Problem requirements: Word for word, restate the records from their first line through the line with "- board game box <box>589,359,639,471</box>", both ends included; omit each picture.

Data for processing:
════
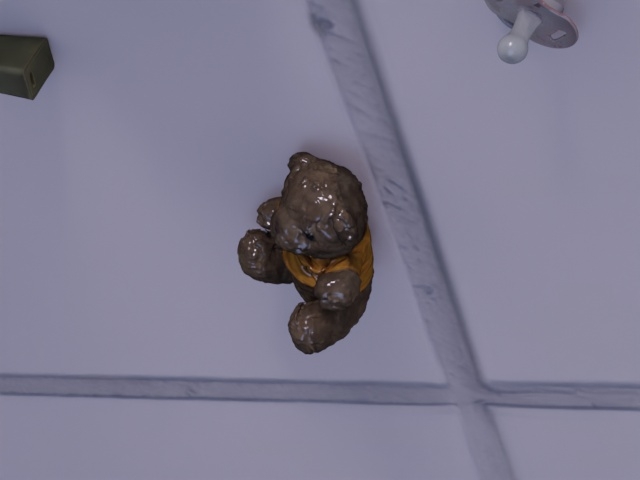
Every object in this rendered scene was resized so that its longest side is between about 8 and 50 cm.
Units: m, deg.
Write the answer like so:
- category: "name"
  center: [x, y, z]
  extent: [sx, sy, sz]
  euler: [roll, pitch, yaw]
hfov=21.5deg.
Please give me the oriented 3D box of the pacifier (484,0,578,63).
- category: "pacifier"
  center: [0.186, -0.195, 1.553]
  extent: [0.099, 0.078, 0.081]
  euler: [32, 159, -13]

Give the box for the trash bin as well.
- category: "trash bin"
  center: [-0.339, -0.188, 1.785]
  extent: [0.092, 0.061, 0.043]
  euler: [10, 138, 16]

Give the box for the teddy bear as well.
- category: "teddy bear"
  center: [0.000, 0.000, 1.799]
  extent: [0.140, 0.177, 0.190]
  euler: [-21, 142, -20]
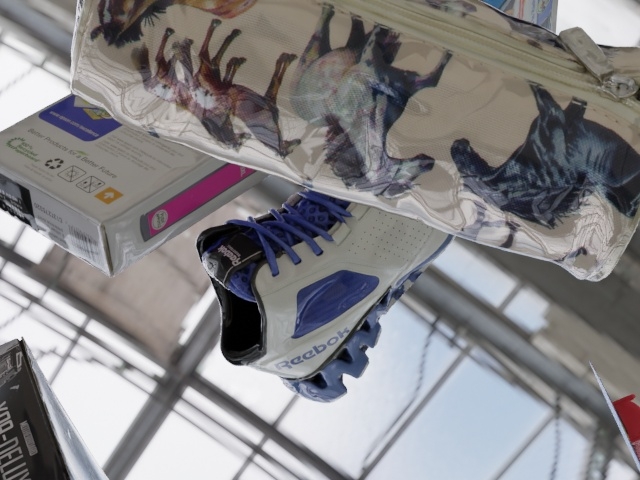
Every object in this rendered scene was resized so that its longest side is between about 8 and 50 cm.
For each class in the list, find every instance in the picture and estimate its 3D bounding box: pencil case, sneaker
[{"bbox_3d":[0.028,-0.114,1.019,0.410,0.183,0.160,19,-131,-6],"label":"pencil case"},{"bbox_3d":[-0.001,0.001,1.390,0.182,0.316,0.127,13,-161,-45],"label":"sneaker"}]

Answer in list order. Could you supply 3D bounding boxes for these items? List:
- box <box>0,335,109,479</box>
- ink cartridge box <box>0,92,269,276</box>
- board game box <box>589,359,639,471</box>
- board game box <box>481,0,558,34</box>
[{"bbox_3d":[-0.244,0.280,1.532,0.076,0.307,0.242,-25,-133,-5],"label":"box"},{"bbox_3d":[-0.109,-0.111,1.383,0.175,0.069,0.371,28,-131,35],"label":"ink cartridge box"},{"bbox_3d":[0.307,0.181,1.503,0.169,0.033,0.133,-89,-26,-77],"label":"board game box"},{"bbox_3d":[0.147,-0.167,1.713,0.086,0.308,0.302,31,-111,20],"label":"board game box"}]
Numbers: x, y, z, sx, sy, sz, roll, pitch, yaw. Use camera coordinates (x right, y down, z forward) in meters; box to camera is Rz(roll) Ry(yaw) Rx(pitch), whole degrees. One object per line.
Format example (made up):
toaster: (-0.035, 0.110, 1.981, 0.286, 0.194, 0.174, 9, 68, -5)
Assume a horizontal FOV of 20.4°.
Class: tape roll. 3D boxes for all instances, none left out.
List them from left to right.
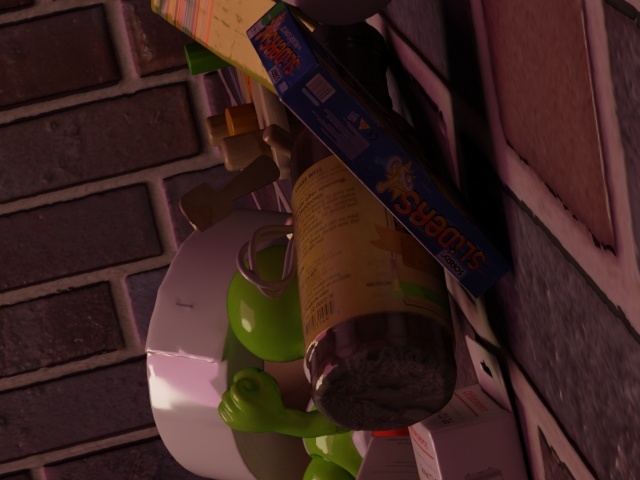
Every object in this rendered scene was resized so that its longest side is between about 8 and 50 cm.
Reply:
tape roll: (-0.056, 0.110, 1.816, 0.286, 0.100, 0.286, -17, -69, -56)

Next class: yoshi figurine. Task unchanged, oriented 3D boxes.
yoshi figurine: (0.002, 0.135, 1.697, 0.203, 0.203, 0.362, -100, 5, -51)

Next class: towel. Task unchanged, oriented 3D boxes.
towel: (-0.079, -0.218, 1.769, 0.237, 0.021, 0.102, 36, 134, 27)

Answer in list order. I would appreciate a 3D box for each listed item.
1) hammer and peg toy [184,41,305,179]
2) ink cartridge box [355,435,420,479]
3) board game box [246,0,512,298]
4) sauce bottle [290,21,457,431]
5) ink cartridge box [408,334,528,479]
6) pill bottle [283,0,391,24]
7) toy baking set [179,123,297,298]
hammer and peg toy: (-0.088, -0.256, 1.929, 0.266, 0.127, 0.361, -127, 24, -75)
ink cartridge box: (0.069, 0.288, 1.483, 0.218, 0.092, 0.158, -62, -33, -55)
board game box: (0.038, -0.062, 1.189, 0.201, 0.035, 0.136, 45, -171, -25)
sauce bottle: (0.032, -0.026, 1.348, 0.111, 0.111, 0.344, 85, 179, -53)
ink cartridge box: (0.112, 0.179, 1.328, 0.115, 0.067, 0.198, -146, 44, -81)
pill bottle: (-0.006, -0.243, 1.261, 0.215, 0.117, 0.117, -111, 10, -49)
toy baking set: (0.001, -0.004, 1.414, 0.256, 0.030, 0.197, 37, -145, -25)
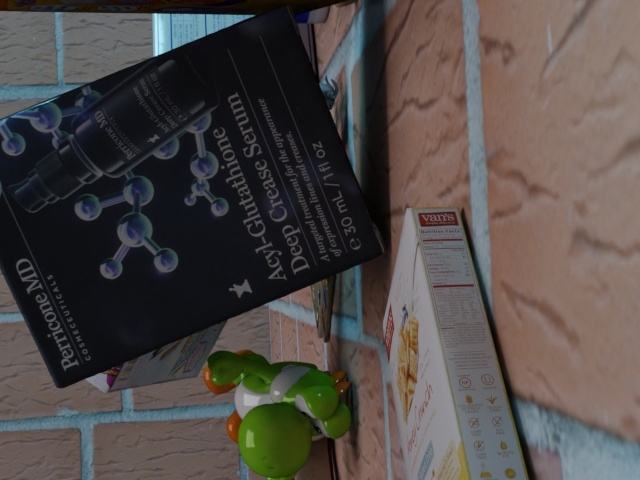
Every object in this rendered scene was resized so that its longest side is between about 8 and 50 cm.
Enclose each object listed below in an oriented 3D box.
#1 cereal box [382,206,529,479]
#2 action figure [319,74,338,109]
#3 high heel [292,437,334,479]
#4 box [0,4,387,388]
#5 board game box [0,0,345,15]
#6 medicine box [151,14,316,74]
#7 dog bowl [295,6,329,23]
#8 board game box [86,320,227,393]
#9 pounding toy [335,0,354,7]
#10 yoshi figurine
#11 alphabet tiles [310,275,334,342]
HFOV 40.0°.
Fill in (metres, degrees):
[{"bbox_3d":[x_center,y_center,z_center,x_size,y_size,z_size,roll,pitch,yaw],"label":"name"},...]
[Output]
[{"bbox_3d":[0.093,0.117,0.672,0.173,0.047,0.240,96,169,-51],"label":"cereal box"},{"bbox_3d":[-0.013,-0.117,1.301,0.185,0.099,0.285,-90,11,-51],"label":"action figure"},{"bbox_3d":[-0.035,0.449,1.524,0.181,0.127,0.377,134,149,-67],"label":"high heel"},{"bbox_3d":[-0.169,-0.057,1.030,0.212,0.396,0.293,-127,14,-80],"label":"box"},{"bbox_3d":[-0.139,-0.412,0.834,0.356,0.356,0.356,-157,64,-68],"label":"board game box"},{"bbox_3d":[-0.159,-0.321,1.599,0.149,0.289,0.263,109,158,-66],"label":"medicine box"},{"bbox_3d":[-0.048,-0.480,1.398,0.265,0.104,0.264,178,90,-83],"label":"dog bowl"},{"bbox_3d":[-0.193,0.063,1.307,0.318,0.066,0.318,-61,-15,2],"label":"board game box"},{"bbox_3d":[-0.068,-0.393,1.166,0.270,0.155,0.154,16,119,39],"label":"pounding toy"},{"bbox_3d":[-0.092,0.275,1.381,0.362,0.204,0.203,-8,65,64],"label":"yoshi figurine"},{"bbox_3d":[0.000,0.000,1.565,0.285,0.011,0.342,-100,11,-45],"label":"alphabet tiles"}]
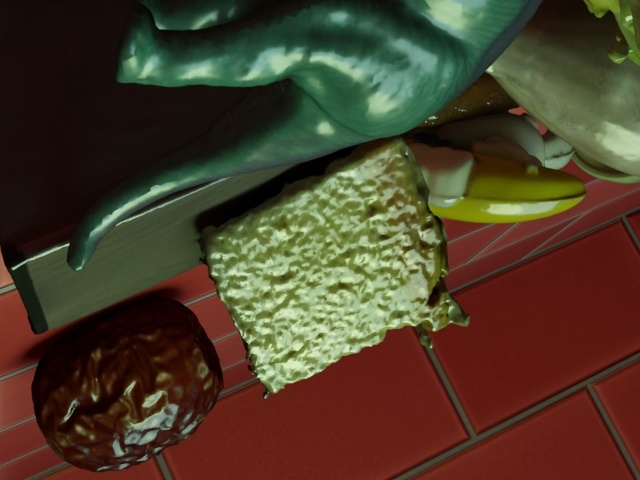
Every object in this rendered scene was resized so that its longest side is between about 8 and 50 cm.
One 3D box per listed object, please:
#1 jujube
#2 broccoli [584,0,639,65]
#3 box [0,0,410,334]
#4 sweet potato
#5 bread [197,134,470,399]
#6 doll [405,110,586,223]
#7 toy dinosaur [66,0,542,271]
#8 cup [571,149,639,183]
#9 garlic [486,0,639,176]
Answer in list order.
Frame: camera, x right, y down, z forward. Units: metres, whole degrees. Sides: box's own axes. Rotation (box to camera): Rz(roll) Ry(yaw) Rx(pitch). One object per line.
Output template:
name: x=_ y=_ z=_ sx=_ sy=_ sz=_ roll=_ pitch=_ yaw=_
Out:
jujube: x=-0.248 y=0.192 z=1.380 sx=0.232 sy=0.213 sz=0.213 roll=-25 pitch=169 yaw=0
broccoli: x=0.203 y=-0.188 z=0.594 sx=0.288 sy=0.246 sz=0.248 roll=-69 pitch=179 yaw=-64
box: x=-0.088 y=-0.076 z=0.638 sx=0.252 sy=0.153 sz=0.188 roll=-24 pitch=170 yaw=-16
sweet potato: x=0.185 y=-0.162 z=1.086 sx=0.314 sy=0.066 sz=0.072 roll=-16 pitch=-172 yaw=-20
bread: x=0.000 y=0.000 z=0.649 sx=0.147 sy=0.127 sz=0.152 roll=-25 pitch=137 yaw=-8
doll: x=0.166 y=-0.085 z=1.117 sx=0.252 sy=0.111 sz=0.237 roll=0 pitch=-163 yaw=-1
toy dinosaur: x=0.090 y=-0.106 z=0.454 sx=0.331 sy=0.129 sz=0.383 roll=13 pitch=123 yaw=-13
cup: x=0.409 y=-0.199 z=1.292 sx=0.173 sy=0.255 sz=0.202 roll=18 pitch=-164 yaw=35
garlic: x=0.250 y=-0.146 z=0.857 sx=0.246 sy=0.231 sz=0.340 roll=-20 pitch=172 yaw=17
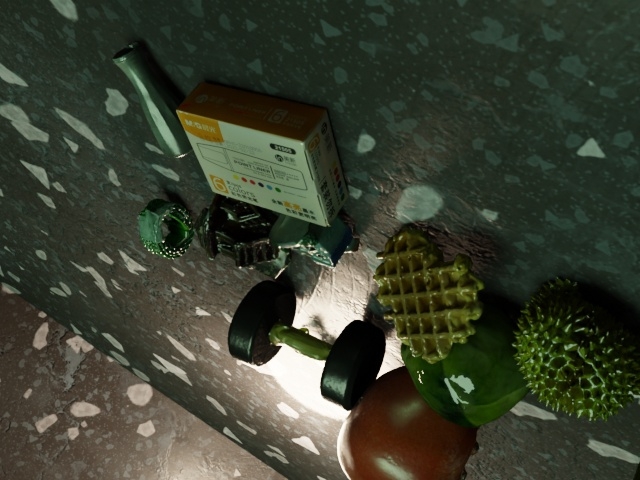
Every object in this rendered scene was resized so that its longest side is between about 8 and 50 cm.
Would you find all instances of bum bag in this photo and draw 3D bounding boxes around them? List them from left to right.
[{"bbox_3d":[-0.174,0.011,1.727,0.248,0.069,0.102,24,113,21],"label":"bum bag"}]

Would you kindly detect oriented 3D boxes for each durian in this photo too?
[{"bbox_3d":[0.419,0.187,1.269,0.237,0.176,0.200,48,131,-2],"label":"durian"}]

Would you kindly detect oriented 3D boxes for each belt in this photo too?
[{"bbox_3d":[-0.352,-0.027,1.804,0.079,0.121,0.151,16,143,34],"label":"belt"}]

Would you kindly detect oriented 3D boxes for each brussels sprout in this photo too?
[{"bbox_3d":[0.270,0.228,1.462,0.271,0.210,0.219,18,147,58],"label":"brussels sprout"}]

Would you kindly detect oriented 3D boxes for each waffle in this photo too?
[{"bbox_3d":[0.179,0.080,1.351,0.253,0.056,0.249,64,144,30],"label":"waffle"}]

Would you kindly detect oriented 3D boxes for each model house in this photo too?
[{"bbox_3d":[-0.157,-0.022,1.614,0.152,0.106,0.165,23,145,18],"label":"model house"},{"bbox_3d":[0.000,0.000,1.490,0.149,0.119,0.148,39,153,-25],"label":"model house"}]

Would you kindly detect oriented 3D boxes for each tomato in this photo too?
[{"bbox_3d":[0.194,0.407,1.669,0.273,0.341,0.341,24,151,6],"label":"tomato"}]

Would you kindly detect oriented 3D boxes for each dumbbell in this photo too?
[{"bbox_3d":[-0.030,0.238,1.786,0.322,0.203,0.203,22,150,22],"label":"dumbbell"}]

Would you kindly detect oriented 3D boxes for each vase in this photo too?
[{"bbox_3d":[-0.303,-0.260,1.438,0.086,0.086,0.214,5,136,43],"label":"vase"}]

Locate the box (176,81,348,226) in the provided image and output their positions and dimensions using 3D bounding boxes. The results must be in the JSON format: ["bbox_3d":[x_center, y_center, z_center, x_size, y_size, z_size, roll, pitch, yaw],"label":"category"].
[{"bbox_3d":[-0.099,-0.152,1.369,0.274,0.091,0.220,17,147,29],"label":"box"}]

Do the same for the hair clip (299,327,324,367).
[{"bbox_3d":[0.005,0.294,2.002,0.173,0.046,0.072,47,154,-25],"label":"hair clip"}]

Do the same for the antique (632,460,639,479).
[{"bbox_3d":[0.610,0.419,1.359,0.080,0.221,0.081,44,152,-16],"label":"antique"}]
════
Response area:
Every object in this rendered scene was resized so that its longest side is between about 8 and 50 cm.
Units: m, deg.
Write the answer like so:
- category: "name"
  center: [x, y, z]
  extent: [sx, sy, sz]
  euler: [roll, pitch, yaw]
hfov=21.5deg.
Please give me the oriented 3D box of the pacifier (484,0,578,63).
- category: "pacifier"
  center: [0.186, -0.195, 1.553]
  extent: [0.099, 0.078, 0.081]
  euler: [32, 159, -13]

Give the box for the trash bin as well.
- category: "trash bin"
  center: [-0.339, -0.188, 1.785]
  extent: [0.092, 0.061, 0.043]
  euler: [10, 138, 16]

Give the box for the teddy bear as well.
- category: "teddy bear"
  center: [0.000, 0.000, 1.799]
  extent: [0.140, 0.177, 0.190]
  euler: [-21, 142, -20]
Every object in this rendered scene was resized so that its longest side is between about 8 and 50 cm.
For each class in the list, find every instance in the picture and estimate its 3D bounding box: pencil case, sneaker
[{"bbox_3d":[0.028,-0.114,1.019,0.410,0.183,0.160,19,-131,-6],"label":"pencil case"},{"bbox_3d":[-0.001,0.001,1.390,0.182,0.316,0.127,13,-161,-45],"label":"sneaker"}]

Answer in list order. Could you supply 3D bounding boxes for these items? List:
- box <box>0,335,109,479</box>
- ink cartridge box <box>0,92,269,276</box>
- board game box <box>589,359,639,471</box>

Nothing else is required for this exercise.